◆ INPUT RECORDS:
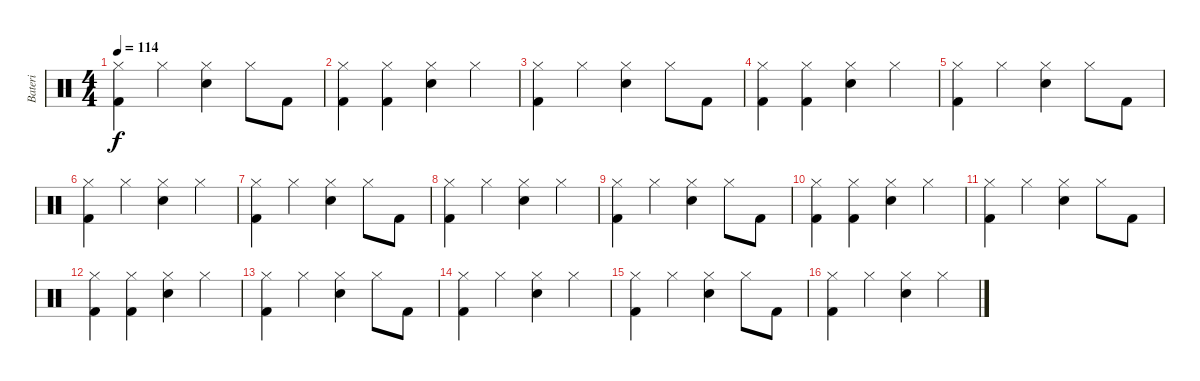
\track ("Bateri" "Bateri") {instrument percussion}
\staff {score}
\articulation defaults
\ts (4 4)
\tempo 114
\clef neutral
\ks c
("Hi-Hat (closed)" "Kick (hit) 2").4{dy f} "Hi-Hat (closed)".4 ("Hi-Hat (closed)" "Snare (hit) 2").4 "Hi-Hat (closed)".8 "Kick (hit) 2".8 |
("Hi-Hat (closed)" "Kick (hit) 2").4 ("Hi-Hat (closed)" "Kick (hit) 2").4 ("Hi-Hat (closed)" "Snare (hit) 2").4 "Hi-Hat (closed)".4 |
("Hi-Hat (closed)" "Kick (hit) 2").4 "Hi-Hat (closed)".4 ("Hi-Hat (closed)" "Snare (hit) 2").4 "Hi-Hat (closed)".8 "Kick (hit) 2".8 |
("Hi-Hat (closed)" "Kick (hit) 2").4 ("Hi-Hat (closed)" "Kick (hit) 2").4 ("Hi-Hat (closed)" "Snare (hit) 2").4 "Hi-Hat (closed)".4 |
("Hi-Hat (closed)" "Kick (hit) 2").4 "Hi-Hat (closed)".4 ("Hi-Hat (closed)" "Snare (hit) 2").4 "Hi-Hat (closed)".8 "Kick (hit) 2".8 |
("Hi-Hat (closed)" "Kick (hit) 2").4 "Hi-Hat (closed)".4 ("Hi-Hat (closed)" "Snare (hit) 2").4 "Hi-Hat (closed)".4 |
("Hi-Hat (closed)" "Kick (hit) 2").4 "Hi-Hat (closed)".4 ("Hi-Hat (closed)" "Snare (hit) 2").4 "Hi-Hat (closed)".8 "Kick (hit) 2".8 |
("Hi-Hat (closed)" "Kick (hit) 2").4 "Hi-Hat (closed)".4 ("Hi-Hat (closed)" "Snare (hit) 2").4 "Hi-Hat (closed)".4 |
("Hi-Hat (closed)" "Kick (hit) 2").4 "Hi-Hat (closed)".4 ("Hi-Hat (closed)" "Snare (hit) 2").4 "Hi-Hat (closed)".8 "Kick (hit) 2".8 |
("Hi-Hat (closed)" "Kick (hit) 2").4 ("Hi-Hat (closed)" "Kick (hit) 2").4 ("Hi-Hat (closed)" "Snare (hit) 2").4 "Hi-Hat (closed)".4 |
("Hi-Hat (closed)" "Kick (hit) 2").4 "Hi-Hat (closed)".4 ("Hi-Hat (closed)" "Snare (hit) 2").4 "Hi-Hat (closed)".8 "Kick (hit) 2".8 |
("Hi-Hat (closed)" "Kick (hit) 2").4 ("Hi-Hat (closed)" "Kick (hit) 2").4 ("Hi-Hat (closed)" "Snare (hit) 2").4 "Hi-Hat (closed)".4 |
("Hi-Hat (closed)" "Kick (hit) 2").4 "Hi-Hat (closed)".4 ("Hi-Hat (closed)" "Snare (hit) 2").4 "Hi-Hat (closed)".8 "Kick (hit) 2".8 |
("Hi-Hat (closed)" "Kick (hit) 2").4 "Hi-Hat (closed)".4 ("Hi-Hat (closed)" "Snare (hit) 2").4 "Hi-Hat (closed)".4 |
("Hi-Hat (closed)" "Kick (hit) 2").4 "Hi-Hat (closed)".4 ("Hi-Hat (closed)" "Snare (hit) 2").4 "Hi-Hat (closed)".8 "Kick (hit) 2".8 |
("Hi-Hat (closed)" "Kick (hit) 2").4 "Hi-Hat (closed)".4 ("Hi-Hat (closed)" "Snare (hit) 2").4 "Hi-Hat (closed)".4
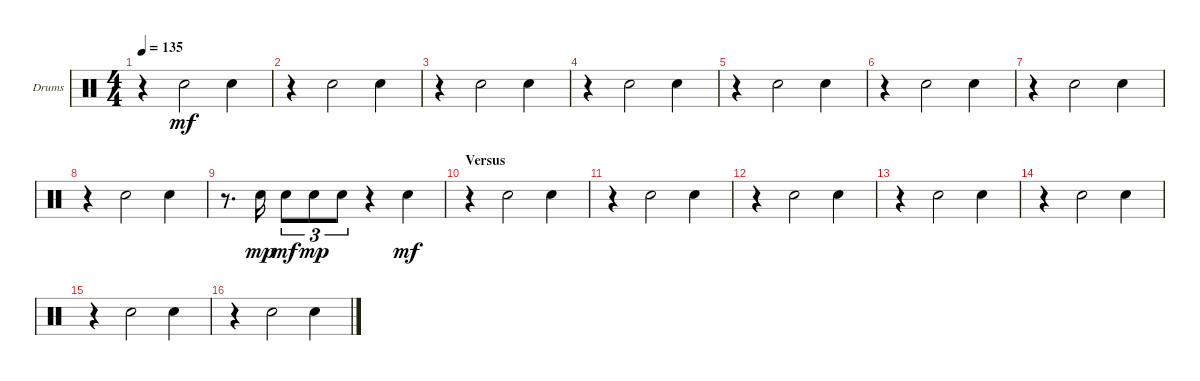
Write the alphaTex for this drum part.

\bracketExtendMode groupsimilarinstruments
\firstSystemTrackNameOrientation horizontal
\otherSystemsTrackNameOrientation horizontal
\track ("Snare" "Drums") {instrument percussion}
\staff {score}
\articulation defaults
\ts (4 4)
\tempo 135
\clef neutral
\ks c
r.4{dy mf} "Snare (hit) 2".2 "Snare (hit) 2".4 |
r.4 "Snare (hit) 2".2 "Snare (hit) 2".4 |
r.4 "Snare (hit) 2".2 "Snare (hit) 2".4 |
r.4 "Snare (hit) 2".2 "Snare (hit) 2".4 |
r.4 "Snare (hit) 2".2 "Snare (hit) 2".4 |
r.4 "Snare (hit) 2".2 "Snare (hit) 2".4 |
r.4 "Snare (hit) 2".2 "Snare (hit) 2".4 |
r.4 "Snare (hit) 2".2 "Snare (hit) 2".4 |
r.8{d} "Snare (hit) 2".16{dy mp} "Snare (hit) 2".8{tu (3 2) dy mf} "Snare (hit) 2".8{tu (3 2) dy mp} "Snare (hit) 2".8{tu (3 2)} r.4 "Snare (hit) 2".4{dy mf} |
\section ("" "Versus")
r.4 "Snare (hit) 2".2 "Snare (hit) 2".4 |
r.4 "Snare (hit) 2".2 "Snare (hit) 2".4 |
r.4 "Snare (hit) 2".2 "Snare (hit) 2".4 |
r.4 "Snare (hit) 2".2 "Snare (hit) 2".4 |
r.4 "Snare (hit) 2".2 "Snare (hit) 2".4 |
r.4 "Snare (hit) 2".2 "Snare (hit) 2".4 |
r.4 "Snare (hit) 2".2 "Snare (hit) 2".4

◆ EXERCISE DESCRIPTION: Output only a verbatim copy of the lines spanning from the line that contains "Write the alphaTex for this drum part." to the end of the records above.

◆ RESULT FOR THIS EXERCISE:
Write the alphaTex for this drum part.

\bracketExtendMode groupsimilarinstruments
\firstSystemTrackNameOrientation horizontal
\otherSystemsTrackNameOrientation horizontal
\track ("Snare" "Drums") {instrument percussion}
\staff {score}
\articulation defaults
\ts (4 4)
\tempo 135
\clef neutral
\ks c
r.4{dy mf} "Snare (hit) 2".2 "Snare (hit) 2".4 |
r.4 "Snare (hit) 2".2 "Snare (hit) 2".4 |
r.4 "Snare (hit) 2".2 "Snare (hit) 2".4 |
r.4 "Snare (hit) 2".2 "Snare (hit) 2".4 |
r.4 "Snare (hit) 2".2 "Snare (hit) 2".4 |
r.4 "Snare (hit) 2".2 "Snare (hit) 2".4 |
r.4 "Snare (hit) 2".2 "Snare (hit) 2".4 |
r.4 "Snare (hit) 2".2 "Snare (hit) 2".4 |
r.8{d} "Snare (hit) 2".16{dy mp} "Snare (hit) 2".8{tu (3 2) dy mf} "Snare (hit) 2".8{tu (3 2) dy mp} "Snare (hit) 2".8{tu (3 2)} r.4 "Snare (hit) 2".4{dy mf} |
\section ("" "Versus")
r.4 "Snare (hit) 2".2 "Snare (hit) 2".4 |
r.4 "Snare (hit) 2".2 "Snare (hit) 2".4 |
r.4 "Snare (hit) 2".2 "Snare (hit) 2".4 |
r.4 "Snare (hit) 2".2 "Snare (hit) 2".4 |
r.4 "Snare (hit) 2".2 "Snare (hit) 2".4 |
r.4 "Snare (hit) 2".2 "Snare (hit) 2".4 |
r.4 "Snare (hit) 2".2 "Snare (hit) 2".4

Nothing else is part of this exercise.